You make a point but. If your married and have kids, your wife's problems are you problems, period!!! Case closed. If it was like you say, he got killed, the least of their problems is picking up the kid from school. I'm sure under those circumstances someone would step up, including the school teacher!!


----------



## RPM (May 15, 2009)

> You make a point but. If your married and have kids, your wife's problems are you problems, period!!!



Like I said... Happy wife ... Happy Life!


----------



## parrisw (May 15, 2009)

RPM said:


> Like I said... Happy wife ... Happy Life!



Yes, that is true as well. But I'm not the person that thinks she is god, I like my wife to be happy, but I have to be happy too!!!


----------



## howellhandmade (May 15, 2009)

parrisw said:


> You make a point but. If your married and have kids, your wife's problems are you problems, period!!! Case closed. If it was like you say, he got killed, the least of their problems is picking up the kid from school. I'm sure under those circumstances someone would step up, including the school teacher!!
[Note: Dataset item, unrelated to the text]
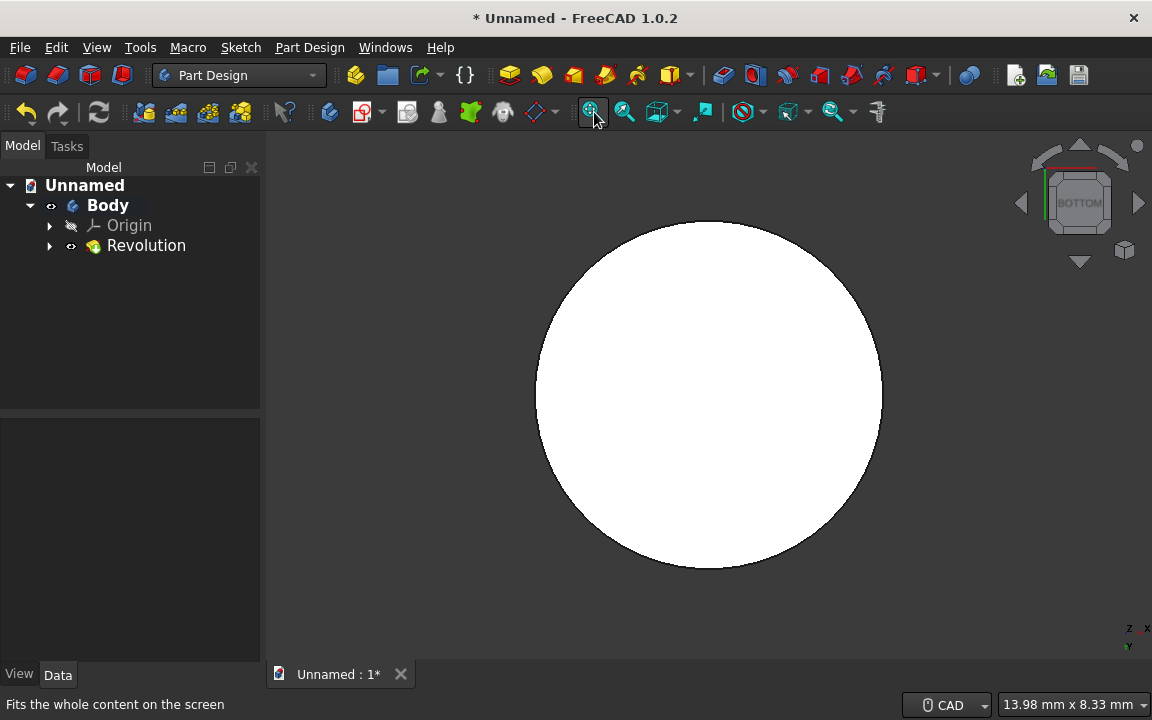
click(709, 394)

Uh, no, case not closed. I'm married, and I have kids. Both my wife and I have jobs where, for certain periods of time, we are unavailable. Period!!! as you say. If a car breaks down while the other is unavailable, we handle it. For instance, my wife is in China right now. How exactly is she going to make my car breaking down her problem? I know a retired rear admiral who was a sub commander. He would submerge and nobody would know where he was for weeks, or months. His wife couldn't call him back to pick up the kids or fix the toilet. Sometimes as a spouse and a parent you've got to take care of things yourself. Which is what makes a good partnership, in my opinion.

The teacher stepping up had crossed my mind as a possible solution. It's TV hooey, no real point in arguing about it. The simplest explanation would be that Gord was not quite as unavailable as the TV show made out, that the survival of his business did not in fact hang in the balance. More to the point, just what *kind* of truck broke down, leading to this nail-biter?

Jack


----------



## parrisw (May 15, 2009)

howellhandmade said:


> Uh, no, case not closed. I'm married, and I have kids. Both my wife and I have jobs where, for certain periods of time, we are unavailable. Period!!! as you say. If a car breaks down while the other is unavailable, we handle it. For instance, my wife is in China right now. How exactly is she going to make my car breaking down her problem? I know a retired rear admiral who was a sub commander. He would submerge and nobody would know where he was for weeks, or months. His wife couldn't call him back to pick up the kids or fix the toilet. Sometimes as a spouse and a parent you've got to take care of things yourself. Which is what makes a good partnership, in my opinion.
> 
> The teacher stepping up had crossed my mind as a possible solution. It's TV hooey, no real point in arguing about it. The simplest explanation would be that Gord was not quite as unavailable as the TV show made out, that the survival of his business did not in fact hang in the balance. More to the point, just what *kind* of truck broke down, leading to this nail-biter?
> 
> Jack



Now you comparing apples to potatoes.


----------



## howellhandmade (May 15, 2009)

parrisw said:


> Now you comparing apples to potatoes.



It's not a comparison of dissimilar things, there is a continuum from "Sure, I'll pick up the kids, no problem" to "I can't help, I'm on the :censored: MOON." Somewhere in the middle of the continuum is "I really wish I could leave work, but if I miss this target we'll be broke and there will BE no preschool and no home to take the kid back to anyway. So you'll have to pretend I'm on the moon. Please call the teacher and explain that your truck broke down and I can't get there, ask her to please take care of our kid while you arrange for another vehicle and we'll pay her whatever she wants." For everyone, there is a go/no go line, but everyone is different, with different responsibilities, so that line will shift quite a bit.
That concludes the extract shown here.